2006 Philadelphia Annual Meeting (22–25 October 2006)

Paper No. 16
Presentation Time: 1:30 PM-5:30 PM

STRATIGRAPHIC AND CLAY MINERAL EVIDENCE OF PALEOWEATHERING AT THE PALEOCENE-EOCENE BOUNDARY, WILLISTON BASIN, NORTH DAKOTA


SHULLENBERGER, Eric D., Dept. of Geology and Geophysics, University of Wisconsin, Madison, 1215 W. Dayton St, Madison, WI 53706, KELLY, D. Clay, Department of Geoscience, University of Wisconsin, 1215 W. Dayton Street, Madison, WI 53706 and STILES, Cynthia A., Dept. of Soil Science, University of Wisconsin, Madison, 433 Soils, 1525 Observatory Dr, Madison, WI 53706, shully@geology.wisc.edu

The Williston Basin in western North Dakota contains non-marine strata spanning the Paleocene-Eocene boundary. A distinct lithologic unit, named the Bear Den Mbr. (BDm) of the Golden Valley Fm., has been biostratigraphically constrained to the latest Paleocene/earliest Eocene. Three subunits comprise the BDm: a lowermost “gray zone” characterized by gray, smectitic mud- and siltstones preserving plant fossils, a middle “orange zone” typified by increased kaolinite content, iron staining, and low organic carbon content, and an uppermost “carbonaceous zone” characterized by decreased kaolinite and increased organic matter preservation upsection. Some authors have argued that the source of the kaolinite in the BDm is purely detrital while others have argued for in situ pedogenesis and kaolinitization of preexisting material.
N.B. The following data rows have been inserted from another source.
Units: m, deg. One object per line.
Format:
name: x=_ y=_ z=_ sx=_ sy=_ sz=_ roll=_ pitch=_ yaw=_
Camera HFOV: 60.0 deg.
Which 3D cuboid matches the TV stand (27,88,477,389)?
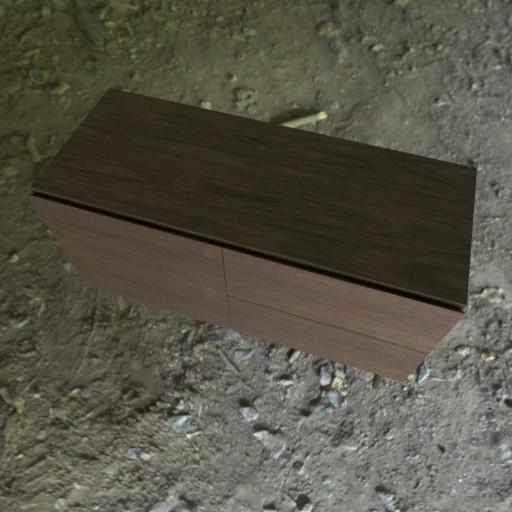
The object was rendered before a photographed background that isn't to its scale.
TV stand: x=0.000 y=0.000 z=1.323 sx=0.990 sy=0.660 sz=0.405 roll=15 pitch=58 yaw=10

We contend that while some of the kaolinite is indeed detrital, evidence of in situ kaolinitization is preserved. Specifically, the presence of iron-oxide filled, polygonal fractures within the kaolinitic “orange zone” suggests that the kaolinite in this interval was indeed converted from preexisting shrink-swell clays (i.e. smectite). Warm, well-drained conditions (i.e. subtropical to tropical) are necessary for rapid kaolinitization. Further evidence includes the presence of iron-enriched bands, sometimes in the form of a competent “pan”, indicating intense leaching within this zone. As such, our evidence indicates that the BDm represents a paleoweathering surface that occurred at the Paleocene-Eocene boundary. When placed within the context of early Cenozoic climate change, the Paleocene Eocene Thermal Maximum (PETM) provides the necessary climatic perturbation to explain the features exhibited by the BDm. We therefore propose that this interval is a terrestrial record of intense weathering associated with the increased warmth and accelerated hydrologic cycle associated with the PETM.